Where the Crawdads Sing
Adapting Delia Owens’s 2018 best-selling novel of the same, Olivia Newman offers a tepid yet silkily packaged plea to the academy in Where the Crawdads Sing, a film which feels as though it has concocted an amalgam of every Oscar-friendly genre in an attempt to cover all bases.
Part mystery, part courtroom drama, part coming-of-age fairytale, with a dash of civil rights drama for good measure, Where the Crawdads Sing follows Catherine “Kya” Clark, whose feral resourcefulness and exclusion from conventional society is well captured in young adulthood by Daisy Edgar-Jones, and in childhood by Jojo Regina. After a relatively happy childhood in the North Carolina marshes, about which Kya eulogises in almost spiritual terms, a friend rather than simply a home, her father’s abusiveness escalates, driving her mother and brother away from the marsh’s idyllic exclusion. Left to fend for herself, Kya becomes something of a living legend in the town of Barkley Cove, known there simply as “marsh girl”. When Chase Andrews (Harris Dickinson), a boy Kya had been in an ambivalent relationship with, is found dead in the marsh, all the evidence points toward his murder at the hands of the young girl. The film’s narrative is thus split into two timelines which eventually meet, one following the ongoing trial, the other charting Kya’s childhood and early adulthood.

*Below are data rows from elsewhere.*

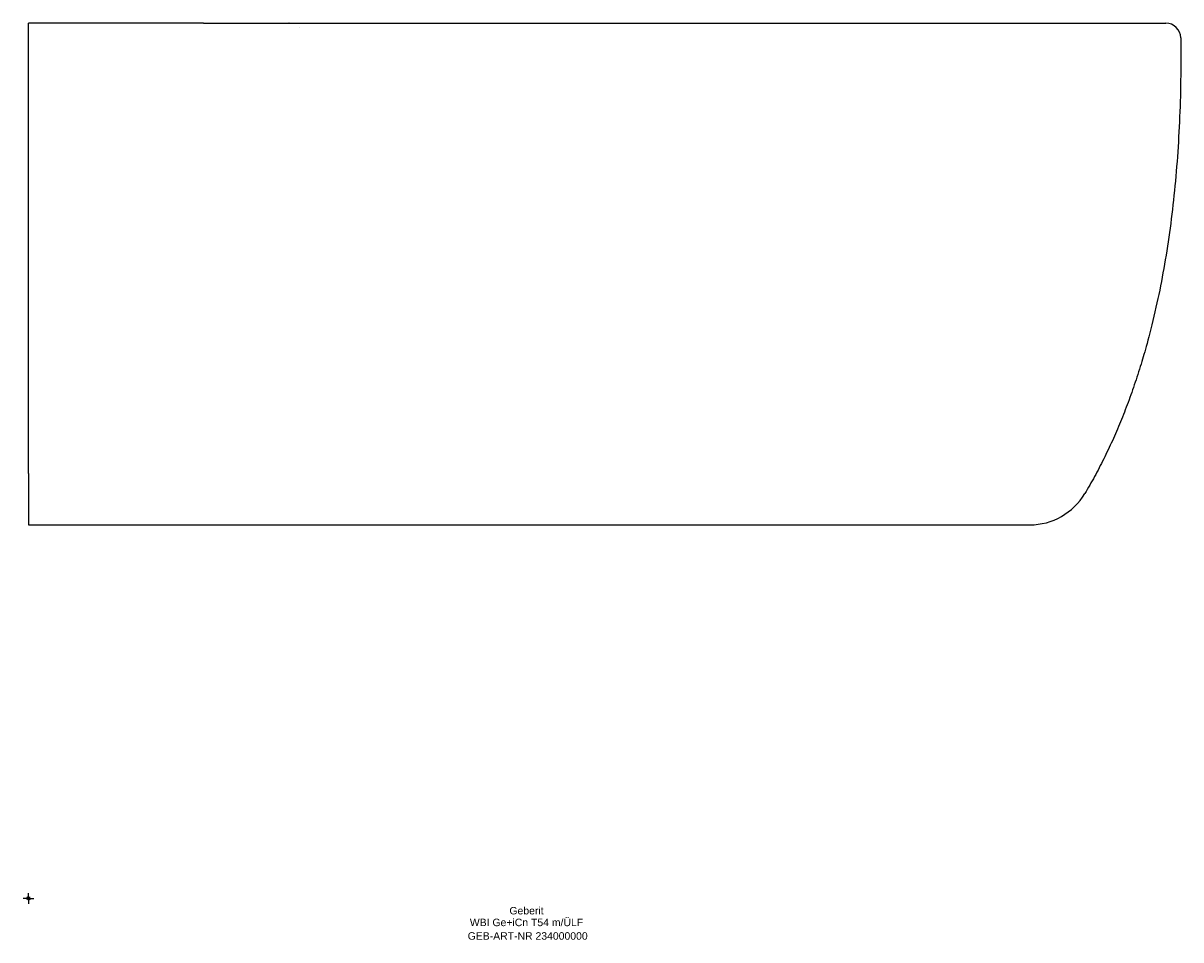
# Model space of a CAD drawing. Header units: millimetres. Extents: x -2 to 540, y -19 to 410.
import ezdxf
from ezdxf.enums import TextEntityAlignment as Align

# ---------------------------------------------------------------- set-up
doc = ezdxf.new("R2010")
doc.units = ezdxf.units.MM
doc.layers.get('0').update_dxf_attribs({"linetype": 'CONTINUOUS'})
for name, color, linetype, lineweight in [('Arbeitspunkt(DIN)', 7, 'CONTINUOUS', 25), ('GEB-ART-NR', 1, 'CONTINUOUS', 18), ('GEB-BEZUG', 2, 'CONTINUOUS', 25), ('GEB-TEXT', 5, 'CONTINUOUS', 18)]:
    doc.layers.add(name, color=color, linetype=linetype, lineweight=lineweight)
doc.layers.add('GEB-KONTUR-A', color=5, linetype='CONTINUOUS')
doc.styles.get("Standard").update_dxf_attribs({"font": 'arial.ttf'})

# ---------------------------------------------------------------- blocks, each defined once
blk = doc.blocks.new('Einfügepunkt')
at = {"layer": 'GEB-BEZUG'}
for p, q in [((-0.71, -0.71), (0.71, 0.71)), ((-0.71, 0.71), (0.71, -0.71))]:
    blk.add_line(p, q, dxfattribs=at)

msp = doc.modelspace()

# ---------------------------------------------------------------- linework, layer by layer
at = {"layer": 'Arbeitspunkt(DIN)', "ltscale": 25}
for q in [(-2.5, 0), (0, 2.5), (0, -2.5), (2.5, 0)]:
    msp.add_line((0, 0), q, dxfattribs=at)
at = {"layer": 'GEB-KONTUR-A', "ltscale": 25}
for p, q in [((0.95, 410), (0, 410)), ((0, 407.94), (0, 410)), ((0, 402.98), (0, 407.94)), ((82.07, 410), (0.95, 410)), ((82.07, 410), (345, 410)), ((0, 199.06), (0, 402.98)), ((0, 199.06), (0, 175)), ((0, 175), (356.59, 175)), ((356.59, 175), (469.38, 175))]:
    msp.add_line(p, q, dxfattribs=at)
for centre, major_axis, ratio, start_param, end_param in [((533.11, 403), (0, 7), 1, 4.723287, 6.283185), ((469.38, 205), (0, -30), 0.999953, 0, 1.033728)]:
    msp.add_ellipse(centre, major_axis=major_axis, ratio=ratio, start_param=start_param, end_param=end_param, dxfattribs=at)
for points, degree in [([(122.15, 410), (122.11, 410), (122.07, 410), (122.03, 410)], 3), ([(127.16, 408.02), (127.15, 408.02), (127.15, 408.02), (127.15, 408.02)], 3), ([(540.11, 403.08), (541.58, 267.61), (495.16, 189.65)], 2)]:
    msp.add_open_spline(points, degree=degree, dxfattribs=at)
msp.add_open_spline([(345, 410), (346.96, 410), (348.92, 410), (351.99, 410), (353.1, 410), (356.08, 410), (357.96, 410), (360.77, 410), (361.7, 410), (363.66, 410), (364.69, 410), (366.74, 410), (367.76, 410), (369.8, 410), (370.82, 410), (372.42, 410), (373.01, 410), (374.62, 410), (375.63, 410), (377.66, 410), (378.67, 410), (379.81, 410), (379.94, 410), (381.79, 410), (383.51, 410), (386.96, 410), (388.7, 410), (391.2, 410), (391.97, 410), (394.46, 410), (396.17, 410), (399.61, 410), (401.33, 410), (403.96, 410), (404.87, 410), (406.43, 410), (407.07, 410), (408.36, 410), (409, 410), (410.24, 410), (410.84, 410), (412.08, 410), (412.71, 410), (413.61, 410), (413.86, 410), (415.63, 410), (417.15, 410), (420.19, 410), (421.71, 410), (424.76, 410), (426.29, 410), (428.39, 410), (428.96, 410), (431.04, 410), (432.54, 410), (435.48, 410), (436.92, 410), (438.9, 410), (439.44, 410), (440.52, 410), (441.06, 410), (442.13, 410), (442.67, 410), (443.73, 410), (444.26, 410), (445.2, 410), (445.63, 410), (446.3, 410), (446.56, 410), (448.08, 410), (449.34, 410), (451.88, 410), (453.15, 410), (455.7, 410), (456.96, 410), (459.49, 410), (460.75, 410), (462.37, 410), (462.73, 410), (464.32, 410), (465.54, 410), (467.15, 410), (467.56, 410), (468.44, 410), (468.9, 410), (469.83, 410), (470.29, 410), (471.21, 410), (471.67, 410), (472.57, 410), (473.03, 410), (473.9, 410), (474.31, 410), (475.9, 410), (477.05, 410), (479.34, 410), (480.49, 410), (482.79, 410), (483.94, 410), (485.87, 410), (486.67, 410), (487.47, 410), (487.5, 410), (488.31, 410), (489.09, 410), (490.63, 410), (491.39, 410), (492.57, 410), (492.98, 410), (493.78, 410), (494.16, 410), (494.91, 410), (495.28, 410), (495.78, 410), (495.9, 410), (496.4, 410), (496.76, 410), (497.49, 410), (497.85, 410), (498.45, 410), (498.69, 410), (499.85, 410), (500.76, 410), (502.4, 410), (503.13, 410), (504.75, 410), (505.63, 410), (507.35, 410), (508.19, 410), (509.64, 410), (510.26, 410), (511.57, 410), (512.26, 410), (513.1, 410), (513.26, 410), (513.71, 410), (513.99, 410), (514.55, 410), (514.83, 410), (515.37, 410), (515.64, 410), (516.18, 410), (516.44, 410), (516.81, 410), (516.91, 410), (517.15, 410), (517.28, 410), (518.01, 410), (518.58, 410), (519.7, 410), (520.25, 410), (521.28, 410), (521.76, 410), (522.73, 410), (523.22, 410), (523.86, 410), (524.02, 410), (524.49, 410), (524.79, 410), (525.36, 410), (525.64, 410), (526.1, 410), (526.28, 410), (526.73, 410), (526.98, 410), (527.47, 410), (527.71, 410), (528.17, 410), (528.39, 410), (528.77, 410), (528.93, 410), (529.3, 410), (529.5, 410), (529.95, 410), (530.2, 410), (530.67, 410), (530.89, 410), (531.3, 410), (531.49, 410), (531.73, 410), (531.8, 410), (532.02, 410), (532.17, 410), (532.43, 410), (532.55, 410), (532.75, 410), (532.83, 410), (532.96, 410), (533.02, 410), (533.08, 410), (533.1, 410), (533.11, 410), (533.11, 410), (533.11, 410)], degree=3, knots=[0, 0, 0, 0, 0.020745, 0.020745, 0.032534, 0.032534, 0.052515, 0.052515, 0.0625, 0.0625, 0.073494, 0.073494, 0.084492, 0.084492, 0.095447, 0.095447, 0.101809, 0.101809, 0.112754, 0.112754, 0.123631, 0.123631, 0.125, 0.125, 0.14344, 0.14344, 0.16229, 0.16229, 0.17071, 0.17071, 0.189516, 0.189516, 0.208613, 0.208613, 0.21875, 0.21875, 0.225992, 0.225992, 0.233208, 0.233208, 0.24, 0.24, 0.247176, 0.247176, 0.25, 0.25, 0.267056, 0.267056, 0.284393, 0.284393, 0.302115, 0.302115, 0.30881, 0.30881, 0.326502, 0.326502, 0.34375, 0.34375, 0.350319, 0.350319, 0.356877, 0.356877, 0.363411, 0.363411, 0.369876, 0.369876, 0.375, 0.375, 0.378113, 0.378113, 0.393618, 0.393618, 0.409561, 0.409561, 0.425732, 0.425732, 0.442146, 0.442146, 0.446976, 0.446976, 0.463208, 0.463208, 0.46875, 0.46875, 0.475128, 0.475128, 0.481508, 0.481508, 0.48787, 0.48787, 0.494168, 0.494168, 0.5, 0.5, 0.516187, 0.516187, 0.532865, 0.532865, 0.549988, 0.549988, 0.562112, 0.562112, 0.5625, 0.5625, 0.57469, 0.57469, 0.586939, 0.586939, 0.59375, 0.59375, 0.60004, 0.60004, 0.606322, 0.606322, 0.608438, 0.608438, 0.614695, 0.614695, 0.620901, 0.620901, 0.625, 0.625, 0.640896, 0.640896, 0.654288, 0.654288, 0.670894, 0.670894, 0.6875, 0.6875, 0.700349, 0.700349, 0.715143, 0.715143, 0.71875, 0.71875, 0.725143, 0.725143, 0.731532, 0.731532, 0.737901, 0.737901, 0.744213, 0.744213, 0.746679, 0.746679, 0.75, 0.75, 0.764295, 0.764295, 0.778943, 0.778943, 0.792501, 0.792501, 0.80719, 0.80719, 0.8125, 0.8125, 0.822226, 0.822226, 0.831958, 0.831958, 0.838732, 0.838732, 0.84843, 0.84843, 0.858089, 0.858089, 0.867636, 0.867636, 0.875, 0.875, 0.884781, 0.884781, 0.898176, 0.898176, 0.911734, 0.911734, 0.925437, 0.925437, 0.930823, 0.930823, 0.944482, 0.944482, 0.958361, 0.958361, 0.971952, 0.971952, 0.985976, 0.985976, 0.999157, 0.999157, 1, 1, 1, 1], dxfattribs=at)

# ---------------------------------------------------------------- block references
at = {"ltscale": 25}
msp.add_blockref('Einfügepunkt', (0, 0), dxfattribs=at)

# ---------------------------------------------------------------- texts
at = {"layer": 'GEB-ART-NR'}
msp.add_text('GEB-ART-NR 234000000', height=3.5, dxfattribs=at).set_placement((233.99, -19.34), align=Align.CENTER)
at = {"layer": 'GEB-TEXT'}
for s, p in [('Geberit', (233.44, -7.5)), ('WBI Ge+iCn T54 m/ÜLF', (233.44, -13))]:
    msp.add_text(s, height=3.5, dxfattribs=at).set_placement(p, align=Align.CENTER)

doc.saveas('drawing.dxf')

Owens, the author of the source material, as well as being an eminent writer, is also a fierce conservationist, and has, with her husband, Mark, courted controversy through their Zambian settlement, where they have been accused of condoning and encouraging a shoot-to-kill policy for suspected poachers, as well as gross mistreatment of the local population, leading Jeffrey Goldberg of The Atlantic to describe the Owens’s story as more closely resembling Heart of Darkness than Born Free.
The obsession with the sanctity of nature shines through the movie like glimmering sunlight through the saturated tree-tops of the marsh, with philosophical musings on the circle of life coming on heavy during the film’s coda. For all the Conrad-esque madness of the Owens’s obsession with the African landscape which preceded the novel, however, Where the Crawdads Sing has its feet firmly planted in Oscar-bait territory, dancing to all the emotional beats you’d expect from such an offering, and as safe and baggy as any of the most underwhelming Best Picture nominees of recent times. For an ode to the dirt and grit of mother nature, the film keeps its fingernails conspicuously clean.
Matthew McMillan
Where the Crawdads Sing is released nationwide on 22nd July 2022.